優駿牝馬

 ウオッカがダービーを制し、ダイワスカーレットが回避したあの年から。オークスというレースの価値は決定的に下がったように思う。少なくとも、私の中では。

 3歳馬にとっての2400の持つ意味は、牡馬と牝馬では大きく異なる。牝馬の最強馬決定戦は桜花賞オークスは、卓抜した桜花賞馬より、長距離に適性のある馬が勝つケースが多く、オークス馬=世代最強馬という図式が描きづらい。それでも、府中という競馬場と、そこで行われる根幹距離の競馬に特別な思い入れのある私は、オークス馬には、世代最強馬について欲しいという幻想が強くある。距離が持たなくても、牡馬に勝てる自信があっても、世代最強を自負する牝馬には、オークスの舞台にいて欲しい。桜花賞1・2着馬の居ないオークスは、オークスじゃない。

 今年は、世代最強馬が順当にオークスを獲りに来る。2000がベストの馬というイメージもあるが、2400までは守備範囲だろうし、外差しに徹した競馬振りは、単なる「差し脚」というものではなく、邪魔されないための進路取り。「女ディープ」の異名はブエナビスタに相応しい。まずは、ここを勝つことがその名を維持する最低条件。その先にあるものは、ディープ超えではなく、近代最強牝馬ダイワスカーレット超え」の道だろう。ウオッカは、ライバルの引退によってその道からハシゴを外されてしまった。ブエナには、欧州へ行く前に(無論、3歳牝馬で挑戦する斤量面のメリットは大きいだろうが)ウオッカに1600〜2000で勝負を挑んで欲しい。それが今年の秋天だと、嬉しい。ウオッカの強さを知り尽くした「敵手」アンカツが、府中の2000で悠々先頭に立つウオッカに対し、ブエナビスタをどのように導くか。はっきり言って、凱旋門賞「なんか」よりずっとわくわくする。

 対するはレッドディザイア桜花賞の末脚も素晴らしかったが、エルフィンSの馬群を縫う差し足は鳥肌もの。キャリアやローテーションの差はあるが、この馬にもウオッカ並みの可能性を感じる。ブエナに勝る点は、2400の適性だろう。陣営も、1600であれだけの競馬が出来れば、と、逆転の可能性を高く感じているはず。劣る点は鞍上か。しかし、本命に乗らない時の四位洋文は「楽しい」騎手だ。ミスや、投げる騎乗も多いが、勝つ時は田原の香りを感じさせてくれる。田原なら、このオークスは勝つのではないか。そんな気がする。是非、素晴らしい騎乗を見せて欲しい。

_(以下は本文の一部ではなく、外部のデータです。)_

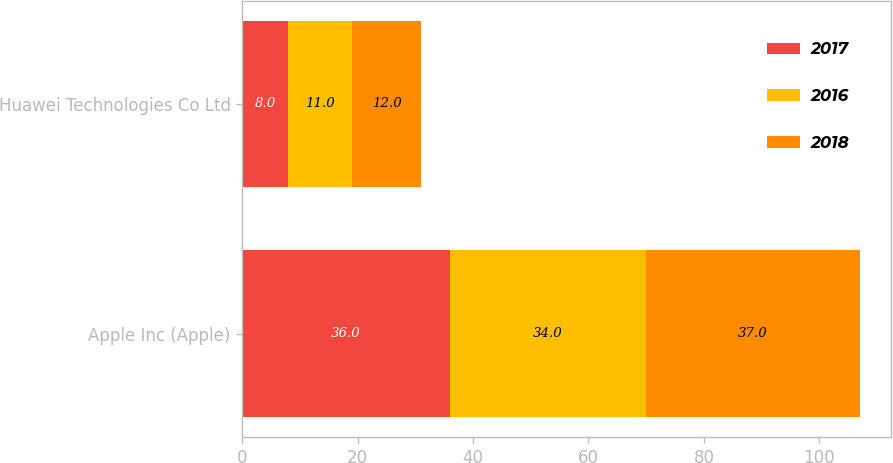<chart> <loc_0><loc_0><loc_500><loc_500><stacked_bar_chart><ecel><fcel>Apple Inc (Apple)<fcel>Huawei Technologies Co Ltd<nl><fcel>2017<fcel>36<fcel>8<nl><fcel>2016<fcel>34<fcel>11<nl><fcel>2018<fcel>37<fcel>12<nl></chart> 
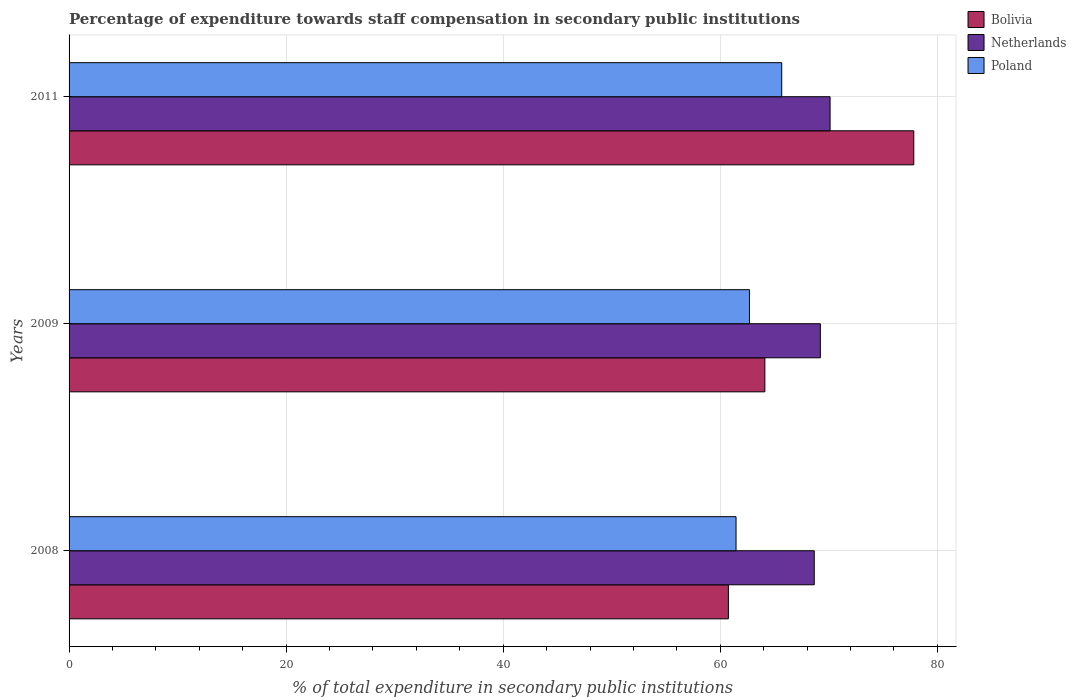How many different coloured bars are there?
Provide a succinct answer. 3. How many groups of bars are there?
Ensure brevity in your answer.  3. Are the number of bars on each tick of the Y-axis equal?
Ensure brevity in your answer.  Yes. How many bars are there on the 2nd tick from the bottom?
Ensure brevity in your answer.  3. What is the label of the 2nd group of bars from the top?
Offer a very short reply. 2009. What is the percentage of expenditure towards staff compensation in Bolivia in 2011?
Your response must be concise. 77.83. Across all years, what is the maximum percentage of expenditure towards staff compensation in Bolivia?
Your answer should be very brief. 77.83. Across all years, what is the minimum percentage of expenditure towards staff compensation in Netherlands?
Ensure brevity in your answer.  68.66. In which year was the percentage of expenditure towards staff compensation in Netherlands minimum?
Ensure brevity in your answer.  2008. What is the total percentage of expenditure towards staff compensation in Poland in the graph?
Your response must be concise. 189.8. What is the difference between the percentage of expenditure towards staff compensation in Bolivia in 2008 and that in 2011?
Give a very brief answer. -17.08. What is the difference between the percentage of expenditure towards staff compensation in Poland in 2011 and the percentage of expenditure towards staff compensation in Bolivia in 2008?
Provide a short and direct response. 4.91. What is the average percentage of expenditure towards staff compensation in Poland per year?
Your answer should be compact. 63.27. In the year 2009, what is the difference between the percentage of expenditure towards staff compensation in Poland and percentage of expenditure towards staff compensation in Bolivia?
Ensure brevity in your answer.  -1.42. What is the ratio of the percentage of expenditure towards staff compensation in Bolivia in 2009 to that in 2011?
Your answer should be compact. 0.82. Is the percentage of expenditure towards staff compensation in Bolivia in 2008 less than that in 2011?
Make the answer very short. Yes. Is the difference between the percentage of expenditure towards staff compensation in Poland in 2009 and 2011 greater than the difference between the percentage of expenditure towards staff compensation in Bolivia in 2009 and 2011?
Your answer should be very brief. Yes. What is the difference between the highest and the second highest percentage of expenditure towards staff compensation in Bolivia?
Make the answer very short. 13.72. What is the difference between the highest and the lowest percentage of expenditure towards staff compensation in Poland?
Provide a succinct answer. 4.21. Is the sum of the percentage of expenditure towards staff compensation in Bolivia in 2009 and 2011 greater than the maximum percentage of expenditure towards staff compensation in Poland across all years?
Ensure brevity in your answer.  Yes. How many bars are there?
Provide a succinct answer. 9. Are all the bars in the graph horizontal?
Give a very brief answer. Yes. What is the difference between two consecutive major ticks on the X-axis?
Give a very brief answer. 20. Where does the legend appear in the graph?
Your answer should be very brief. Top right. How are the legend labels stacked?
Keep it short and to the point. Vertical. What is the title of the graph?
Offer a terse response. Percentage of expenditure towards staff compensation in secondary public institutions. Does "Upper middle income" appear as one of the legend labels in the graph?
Offer a very short reply. No. What is the label or title of the X-axis?
Make the answer very short. % of total expenditure in secondary public institutions. What is the % of total expenditure in secondary public institutions of Bolivia in 2008?
Make the answer very short. 60.75. What is the % of total expenditure in secondary public institutions of Netherlands in 2008?
Give a very brief answer. 68.66. What is the % of total expenditure in secondary public institutions in Poland in 2008?
Ensure brevity in your answer.  61.45. What is the % of total expenditure in secondary public institutions in Bolivia in 2009?
Provide a succinct answer. 64.11. What is the % of total expenditure in secondary public institutions in Netherlands in 2009?
Offer a very short reply. 69.22. What is the % of total expenditure in secondary public institutions in Poland in 2009?
Provide a succinct answer. 62.69. What is the % of total expenditure in secondary public institutions in Bolivia in 2011?
Your response must be concise. 77.83. What is the % of total expenditure in secondary public institutions in Netherlands in 2011?
Provide a succinct answer. 70.11. What is the % of total expenditure in secondary public institutions in Poland in 2011?
Keep it short and to the point. 65.66. Across all years, what is the maximum % of total expenditure in secondary public institutions in Bolivia?
Provide a short and direct response. 77.83. Across all years, what is the maximum % of total expenditure in secondary public institutions in Netherlands?
Give a very brief answer. 70.11. Across all years, what is the maximum % of total expenditure in secondary public institutions in Poland?
Your response must be concise. 65.66. Across all years, what is the minimum % of total expenditure in secondary public institutions in Bolivia?
Offer a terse response. 60.75. Across all years, what is the minimum % of total expenditure in secondary public institutions in Netherlands?
Your answer should be very brief. 68.66. Across all years, what is the minimum % of total expenditure in secondary public institutions in Poland?
Your answer should be compact. 61.45. What is the total % of total expenditure in secondary public institutions of Bolivia in the graph?
Provide a succinct answer. 202.68. What is the total % of total expenditure in secondary public institutions of Netherlands in the graph?
Your answer should be compact. 207.99. What is the total % of total expenditure in secondary public institutions in Poland in the graph?
Provide a succinct answer. 189.8. What is the difference between the % of total expenditure in secondary public institutions in Bolivia in 2008 and that in 2009?
Your response must be concise. -3.36. What is the difference between the % of total expenditure in secondary public institutions in Netherlands in 2008 and that in 2009?
Your response must be concise. -0.56. What is the difference between the % of total expenditure in secondary public institutions in Poland in 2008 and that in 2009?
Offer a very short reply. -1.23. What is the difference between the % of total expenditure in secondary public institutions of Bolivia in 2008 and that in 2011?
Give a very brief answer. -17.08. What is the difference between the % of total expenditure in secondary public institutions in Netherlands in 2008 and that in 2011?
Give a very brief answer. -1.46. What is the difference between the % of total expenditure in secondary public institutions of Poland in 2008 and that in 2011?
Keep it short and to the point. -4.21. What is the difference between the % of total expenditure in secondary public institutions in Bolivia in 2009 and that in 2011?
Give a very brief answer. -13.72. What is the difference between the % of total expenditure in secondary public institutions of Netherlands in 2009 and that in 2011?
Give a very brief answer. -0.9. What is the difference between the % of total expenditure in secondary public institutions in Poland in 2009 and that in 2011?
Make the answer very short. -2.97. What is the difference between the % of total expenditure in secondary public institutions of Bolivia in 2008 and the % of total expenditure in secondary public institutions of Netherlands in 2009?
Your answer should be very brief. -8.47. What is the difference between the % of total expenditure in secondary public institutions in Bolivia in 2008 and the % of total expenditure in secondary public institutions in Poland in 2009?
Offer a very short reply. -1.94. What is the difference between the % of total expenditure in secondary public institutions in Netherlands in 2008 and the % of total expenditure in secondary public institutions in Poland in 2009?
Make the answer very short. 5.97. What is the difference between the % of total expenditure in secondary public institutions of Bolivia in 2008 and the % of total expenditure in secondary public institutions of Netherlands in 2011?
Your answer should be very brief. -9.37. What is the difference between the % of total expenditure in secondary public institutions in Bolivia in 2008 and the % of total expenditure in secondary public institutions in Poland in 2011?
Provide a short and direct response. -4.91. What is the difference between the % of total expenditure in secondary public institutions in Netherlands in 2008 and the % of total expenditure in secondary public institutions in Poland in 2011?
Keep it short and to the point. 3. What is the difference between the % of total expenditure in secondary public institutions in Bolivia in 2009 and the % of total expenditure in secondary public institutions in Netherlands in 2011?
Your answer should be compact. -6.01. What is the difference between the % of total expenditure in secondary public institutions in Bolivia in 2009 and the % of total expenditure in secondary public institutions in Poland in 2011?
Provide a short and direct response. -1.55. What is the difference between the % of total expenditure in secondary public institutions in Netherlands in 2009 and the % of total expenditure in secondary public institutions in Poland in 2011?
Your response must be concise. 3.56. What is the average % of total expenditure in secondary public institutions in Bolivia per year?
Your answer should be very brief. 67.56. What is the average % of total expenditure in secondary public institutions in Netherlands per year?
Offer a very short reply. 69.33. What is the average % of total expenditure in secondary public institutions of Poland per year?
Offer a very short reply. 63.27. In the year 2008, what is the difference between the % of total expenditure in secondary public institutions of Bolivia and % of total expenditure in secondary public institutions of Netherlands?
Your answer should be compact. -7.91. In the year 2008, what is the difference between the % of total expenditure in secondary public institutions of Bolivia and % of total expenditure in secondary public institutions of Poland?
Make the answer very short. -0.71. In the year 2008, what is the difference between the % of total expenditure in secondary public institutions in Netherlands and % of total expenditure in secondary public institutions in Poland?
Ensure brevity in your answer.  7.2. In the year 2009, what is the difference between the % of total expenditure in secondary public institutions in Bolivia and % of total expenditure in secondary public institutions in Netherlands?
Provide a succinct answer. -5.11. In the year 2009, what is the difference between the % of total expenditure in secondary public institutions of Bolivia and % of total expenditure in secondary public institutions of Poland?
Offer a very short reply. 1.42. In the year 2009, what is the difference between the % of total expenditure in secondary public institutions in Netherlands and % of total expenditure in secondary public institutions in Poland?
Provide a short and direct response. 6.53. In the year 2011, what is the difference between the % of total expenditure in secondary public institutions in Bolivia and % of total expenditure in secondary public institutions in Netherlands?
Offer a very short reply. 7.71. In the year 2011, what is the difference between the % of total expenditure in secondary public institutions in Bolivia and % of total expenditure in secondary public institutions in Poland?
Your response must be concise. 12.17. In the year 2011, what is the difference between the % of total expenditure in secondary public institutions of Netherlands and % of total expenditure in secondary public institutions of Poland?
Your response must be concise. 4.45. What is the ratio of the % of total expenditure in secondary public institutions in Bolivia in 2008 to that in 2009?
Ensure brevity in your answer.  0.95. What is the ratio of the % of total expenditure in secondary public institutions in Poland in 2008 to that in 2009?
Provide a short and direct response. 0.98. What is the ratio of the % of total expenditure in secondary public institutions of Bolivia in 2008 to that in 2011?
Your response must be concise. 0.78. What is the ratio of the % of total expenditure in secondary public institutions in Netherlands in 2008 to that in 2011?
Offer a terse response. 0.98. What is the ratio of the % of total expenditure in secondary public institutions of Poland in 2008 to that in 2011?
Offer a terse response. 0.94. What is the ratio of the % of total expenditure in secondary public institutions in Bolivia in 2009 to that in 2011?
Keep it short and to the point. 0.82. What is the ratio of the % of total expenditure in secondary public institutions of Netherlands in 2009 to that in 2011?
Your answer should be compact. 0.99. What is the ratio of the % of total expenditure in secondary public institutions in Poland in 2009 to that in 2011?
Provide a succinct answer. 0.95. What is the difference between the highest and the second highest % of total expenditure in secondary public institutions of Bolivia?
Your response must be concise. 13.72. What is the difference between the highest and the second highest % of total expenditure in secondary public institutions of Netherlands?
Provide a succinct answer. 0.9. What is the difference between the highest and the second highest % of total expenditure in secondary public institutions of Poland?
Offer a very short reply. 2.97. What is the difference between the highest and the lowest % of total expenditure in secondary public institutions of Bolivia?
Provide a succinct answer. 17.08. What is the difference between the highest and the lowest % of total expenditure in secondary public institutions in Netherlands?
Give a very brief answer. 1.46. What is the difference between the highest and the lowest % of total expenditure in secondary public institutions of Poland?
Your response must be concise. 4.21.

 この2頭の1・2着固定でほぼ問題ないと見る。相手は、クイーンC上位のディアジーナ・ダノンベルベール。ディアジーナは人気になりそうで、上位2頭との組み合わせは全く面白くない。抑え。藤原勢では一番素質高いと思っているワイドサファイアに、一番の鞍上が。他の2頭がこの馬に先着するイメージは湧かず、無論、揃って2強に先着するイメージも? この厩舎からはワイドのみで(オークス男のジェルミナルはちと怖いけど、人気落ちなさそうだしなあ)。

 一応、上記3頭は「ひょっとしたら2強に割り込むかも?」というイメージで、2着からも買い(ブエナの陣営の過信と、レッドの鞍上への僅かな不安で、2強のいずれか飛ぶパターンも少々)、あとは3着。本当に2強が力を出せば、3着はかえって色気のない馬が良かろうし、人気薄の名手や、府中実績のある馬、人気にならないステイヤータイプを。ヴィーヴァヴォドカとツーデイズノーチス、デリキッドピース、サクラローズマリー。あとは、来週のG1で穴狙いしたい鞍上のチェックでダイアナバローズ。これに、当日、2桁人気の馬で気配良さそうな馬は足しておきたい。